— Exercise details —
When you reach the line that contains "Offer a very short reply. -0.59." in the data below, start reproducing lines exactly, and stop after the line that contains "Provide a succinct answer. 2.75.".

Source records
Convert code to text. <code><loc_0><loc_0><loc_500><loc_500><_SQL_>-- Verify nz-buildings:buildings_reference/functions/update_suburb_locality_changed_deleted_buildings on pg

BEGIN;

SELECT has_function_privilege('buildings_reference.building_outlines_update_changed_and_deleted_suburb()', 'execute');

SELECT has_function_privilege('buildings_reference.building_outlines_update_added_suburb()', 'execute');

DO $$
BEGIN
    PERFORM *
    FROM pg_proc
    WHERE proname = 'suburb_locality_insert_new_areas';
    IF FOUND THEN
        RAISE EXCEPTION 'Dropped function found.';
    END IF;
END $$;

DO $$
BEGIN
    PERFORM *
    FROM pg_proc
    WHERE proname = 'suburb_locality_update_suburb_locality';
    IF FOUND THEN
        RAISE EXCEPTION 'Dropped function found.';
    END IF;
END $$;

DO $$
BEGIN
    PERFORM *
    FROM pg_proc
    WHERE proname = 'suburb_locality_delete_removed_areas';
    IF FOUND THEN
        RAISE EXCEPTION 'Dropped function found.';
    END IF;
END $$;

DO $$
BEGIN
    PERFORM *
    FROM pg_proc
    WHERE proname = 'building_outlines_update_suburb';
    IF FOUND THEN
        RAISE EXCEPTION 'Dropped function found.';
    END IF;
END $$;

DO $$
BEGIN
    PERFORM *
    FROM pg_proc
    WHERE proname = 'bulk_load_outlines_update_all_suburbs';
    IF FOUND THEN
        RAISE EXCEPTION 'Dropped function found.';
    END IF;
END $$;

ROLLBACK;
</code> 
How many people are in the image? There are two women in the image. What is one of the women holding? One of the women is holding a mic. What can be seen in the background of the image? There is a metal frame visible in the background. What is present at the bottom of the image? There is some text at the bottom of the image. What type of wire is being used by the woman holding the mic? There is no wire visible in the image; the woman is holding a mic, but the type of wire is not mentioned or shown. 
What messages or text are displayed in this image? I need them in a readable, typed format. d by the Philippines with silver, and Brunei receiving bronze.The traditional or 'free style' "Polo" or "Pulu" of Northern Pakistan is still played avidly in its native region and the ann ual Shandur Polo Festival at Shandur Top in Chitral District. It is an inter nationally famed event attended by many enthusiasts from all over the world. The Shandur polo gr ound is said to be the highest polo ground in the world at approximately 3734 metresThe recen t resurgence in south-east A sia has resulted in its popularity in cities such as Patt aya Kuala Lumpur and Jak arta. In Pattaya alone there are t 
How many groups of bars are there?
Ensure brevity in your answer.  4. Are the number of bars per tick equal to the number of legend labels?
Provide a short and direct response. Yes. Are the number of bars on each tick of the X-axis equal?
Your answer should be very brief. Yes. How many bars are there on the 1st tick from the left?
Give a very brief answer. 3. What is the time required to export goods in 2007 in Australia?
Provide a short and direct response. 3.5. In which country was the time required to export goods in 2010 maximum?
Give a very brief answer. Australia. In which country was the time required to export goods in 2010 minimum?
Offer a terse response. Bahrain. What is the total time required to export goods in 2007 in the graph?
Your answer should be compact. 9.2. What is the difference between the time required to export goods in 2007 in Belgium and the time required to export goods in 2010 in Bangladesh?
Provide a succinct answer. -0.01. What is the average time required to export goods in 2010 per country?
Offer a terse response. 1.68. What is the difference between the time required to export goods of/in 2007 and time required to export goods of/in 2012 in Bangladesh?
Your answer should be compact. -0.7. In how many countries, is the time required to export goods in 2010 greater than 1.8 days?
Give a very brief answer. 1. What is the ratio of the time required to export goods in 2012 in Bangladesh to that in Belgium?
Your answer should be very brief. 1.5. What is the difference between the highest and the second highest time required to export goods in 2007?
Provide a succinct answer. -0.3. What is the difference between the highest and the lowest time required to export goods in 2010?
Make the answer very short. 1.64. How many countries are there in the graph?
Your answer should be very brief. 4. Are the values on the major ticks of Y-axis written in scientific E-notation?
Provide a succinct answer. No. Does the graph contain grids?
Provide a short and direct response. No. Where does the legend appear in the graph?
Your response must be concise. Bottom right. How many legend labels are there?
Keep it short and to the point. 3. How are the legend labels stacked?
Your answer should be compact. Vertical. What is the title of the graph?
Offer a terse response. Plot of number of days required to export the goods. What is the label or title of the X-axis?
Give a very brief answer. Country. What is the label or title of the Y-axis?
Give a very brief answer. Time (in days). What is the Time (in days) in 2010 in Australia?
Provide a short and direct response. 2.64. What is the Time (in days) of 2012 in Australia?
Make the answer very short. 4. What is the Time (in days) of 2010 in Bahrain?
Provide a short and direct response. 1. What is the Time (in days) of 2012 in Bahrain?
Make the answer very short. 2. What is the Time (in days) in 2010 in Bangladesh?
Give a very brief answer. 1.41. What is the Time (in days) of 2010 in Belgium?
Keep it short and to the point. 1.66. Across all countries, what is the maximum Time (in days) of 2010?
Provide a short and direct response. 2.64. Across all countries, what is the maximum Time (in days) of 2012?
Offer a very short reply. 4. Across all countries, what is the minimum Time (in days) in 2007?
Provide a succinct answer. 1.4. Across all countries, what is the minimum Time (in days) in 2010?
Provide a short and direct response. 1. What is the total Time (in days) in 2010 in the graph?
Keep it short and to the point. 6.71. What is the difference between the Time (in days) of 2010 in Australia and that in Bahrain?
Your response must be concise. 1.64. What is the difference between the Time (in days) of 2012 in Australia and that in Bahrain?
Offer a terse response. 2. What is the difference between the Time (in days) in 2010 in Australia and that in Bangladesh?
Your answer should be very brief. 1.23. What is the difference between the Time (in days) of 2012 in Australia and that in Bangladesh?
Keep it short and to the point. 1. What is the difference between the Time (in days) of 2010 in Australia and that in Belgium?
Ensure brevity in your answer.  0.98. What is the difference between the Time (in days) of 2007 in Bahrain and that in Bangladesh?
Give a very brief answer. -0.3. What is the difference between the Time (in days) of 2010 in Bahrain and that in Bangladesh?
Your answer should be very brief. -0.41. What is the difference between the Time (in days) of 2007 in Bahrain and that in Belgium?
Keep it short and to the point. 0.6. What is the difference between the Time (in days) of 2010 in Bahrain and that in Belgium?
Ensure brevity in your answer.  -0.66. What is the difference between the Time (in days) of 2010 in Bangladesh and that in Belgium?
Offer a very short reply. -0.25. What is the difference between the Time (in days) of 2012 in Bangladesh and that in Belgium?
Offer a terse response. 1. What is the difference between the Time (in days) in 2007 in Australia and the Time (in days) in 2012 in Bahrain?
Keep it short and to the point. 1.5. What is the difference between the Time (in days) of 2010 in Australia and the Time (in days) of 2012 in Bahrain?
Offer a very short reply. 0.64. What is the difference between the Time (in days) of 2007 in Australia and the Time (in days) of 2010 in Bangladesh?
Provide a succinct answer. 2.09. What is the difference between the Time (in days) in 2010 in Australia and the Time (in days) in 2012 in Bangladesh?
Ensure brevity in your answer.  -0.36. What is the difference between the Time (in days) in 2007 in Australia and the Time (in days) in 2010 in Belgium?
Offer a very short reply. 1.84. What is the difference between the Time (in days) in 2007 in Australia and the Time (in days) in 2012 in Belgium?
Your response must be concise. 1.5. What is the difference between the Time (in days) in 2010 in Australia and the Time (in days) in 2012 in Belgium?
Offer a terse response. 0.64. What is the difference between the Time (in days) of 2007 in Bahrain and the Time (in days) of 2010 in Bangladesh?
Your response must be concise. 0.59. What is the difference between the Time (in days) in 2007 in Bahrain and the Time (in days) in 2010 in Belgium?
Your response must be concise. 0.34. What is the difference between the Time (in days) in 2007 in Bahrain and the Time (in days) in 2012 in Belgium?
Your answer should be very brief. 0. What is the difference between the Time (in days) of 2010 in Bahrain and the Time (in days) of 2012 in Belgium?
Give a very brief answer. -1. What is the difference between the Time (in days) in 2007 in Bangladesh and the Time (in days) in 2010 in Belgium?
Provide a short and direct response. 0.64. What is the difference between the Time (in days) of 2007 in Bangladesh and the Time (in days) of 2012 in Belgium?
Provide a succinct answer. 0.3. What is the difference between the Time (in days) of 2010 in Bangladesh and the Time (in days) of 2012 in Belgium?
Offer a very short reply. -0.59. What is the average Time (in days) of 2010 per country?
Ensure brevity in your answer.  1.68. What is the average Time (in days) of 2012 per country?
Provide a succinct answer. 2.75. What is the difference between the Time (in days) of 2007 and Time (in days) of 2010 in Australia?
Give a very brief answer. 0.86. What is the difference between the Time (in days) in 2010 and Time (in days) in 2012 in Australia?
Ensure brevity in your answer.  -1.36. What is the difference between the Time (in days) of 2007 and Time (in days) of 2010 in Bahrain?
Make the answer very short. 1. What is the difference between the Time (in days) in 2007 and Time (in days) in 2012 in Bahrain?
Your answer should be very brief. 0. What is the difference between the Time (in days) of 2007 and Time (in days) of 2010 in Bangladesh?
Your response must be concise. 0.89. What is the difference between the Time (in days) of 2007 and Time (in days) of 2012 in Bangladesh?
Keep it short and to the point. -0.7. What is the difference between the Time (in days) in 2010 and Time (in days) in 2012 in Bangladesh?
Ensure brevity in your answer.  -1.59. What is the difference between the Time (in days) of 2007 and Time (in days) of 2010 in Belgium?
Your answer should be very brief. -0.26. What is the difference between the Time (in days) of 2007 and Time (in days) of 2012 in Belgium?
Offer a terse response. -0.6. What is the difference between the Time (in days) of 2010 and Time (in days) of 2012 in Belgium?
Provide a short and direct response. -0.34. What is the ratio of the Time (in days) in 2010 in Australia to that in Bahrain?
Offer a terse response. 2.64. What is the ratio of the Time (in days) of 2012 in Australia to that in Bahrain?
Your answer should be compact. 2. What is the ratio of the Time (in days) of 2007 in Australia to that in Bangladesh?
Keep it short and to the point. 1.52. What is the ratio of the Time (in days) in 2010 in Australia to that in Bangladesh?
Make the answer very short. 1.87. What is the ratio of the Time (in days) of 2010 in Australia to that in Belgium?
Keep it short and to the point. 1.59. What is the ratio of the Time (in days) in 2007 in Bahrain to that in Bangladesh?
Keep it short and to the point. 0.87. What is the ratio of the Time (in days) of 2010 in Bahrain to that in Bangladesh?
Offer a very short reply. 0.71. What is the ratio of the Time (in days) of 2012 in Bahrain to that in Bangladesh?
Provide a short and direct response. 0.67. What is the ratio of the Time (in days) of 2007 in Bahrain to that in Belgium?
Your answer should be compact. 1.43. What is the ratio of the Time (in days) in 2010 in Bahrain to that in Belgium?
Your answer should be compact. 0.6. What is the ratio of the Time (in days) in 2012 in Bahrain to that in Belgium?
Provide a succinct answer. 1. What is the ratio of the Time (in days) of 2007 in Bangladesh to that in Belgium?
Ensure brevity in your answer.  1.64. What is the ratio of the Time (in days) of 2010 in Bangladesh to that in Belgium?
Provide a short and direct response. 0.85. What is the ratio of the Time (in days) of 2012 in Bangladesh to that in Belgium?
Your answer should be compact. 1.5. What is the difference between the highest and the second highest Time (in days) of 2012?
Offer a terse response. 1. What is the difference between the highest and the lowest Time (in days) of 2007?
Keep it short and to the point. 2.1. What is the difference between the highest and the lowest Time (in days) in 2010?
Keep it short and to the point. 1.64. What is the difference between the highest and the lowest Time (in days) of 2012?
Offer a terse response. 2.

— Final answer —
Offer a very short reply. -0.59. What is the average Time (in days) of 2010 per country?
Ensure brevity in your answer.  1.68. What is the average Time (in days) of 2012 per country?
Provide a succinct answer. 2.75. What is the difference between the Time (in days) of 2007 and Time (in days) of 2010 in Australia?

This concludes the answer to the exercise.